## WHAT IS BEING ASKED
Any picture in the data below gets skipped; print all the rest exactly.

## RAW DATA
::::::::::

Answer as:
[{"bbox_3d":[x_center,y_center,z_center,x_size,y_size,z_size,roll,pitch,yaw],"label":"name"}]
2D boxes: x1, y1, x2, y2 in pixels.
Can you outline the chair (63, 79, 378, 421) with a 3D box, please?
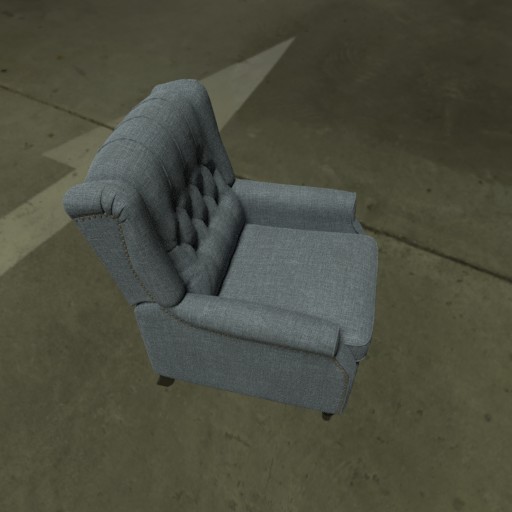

::::::::::

## RESPONSE AREA
Answer as:
[{"bbox_3d":[x_center,y_center,z_center,x_size,y_size,z_size,roll,pitch,yaw],"label":"name"}]
2D boxes: x1, y1, x2, y2 in pixels.
Can you outline the chair (63, 79, 378, 421) with a 3D box, please?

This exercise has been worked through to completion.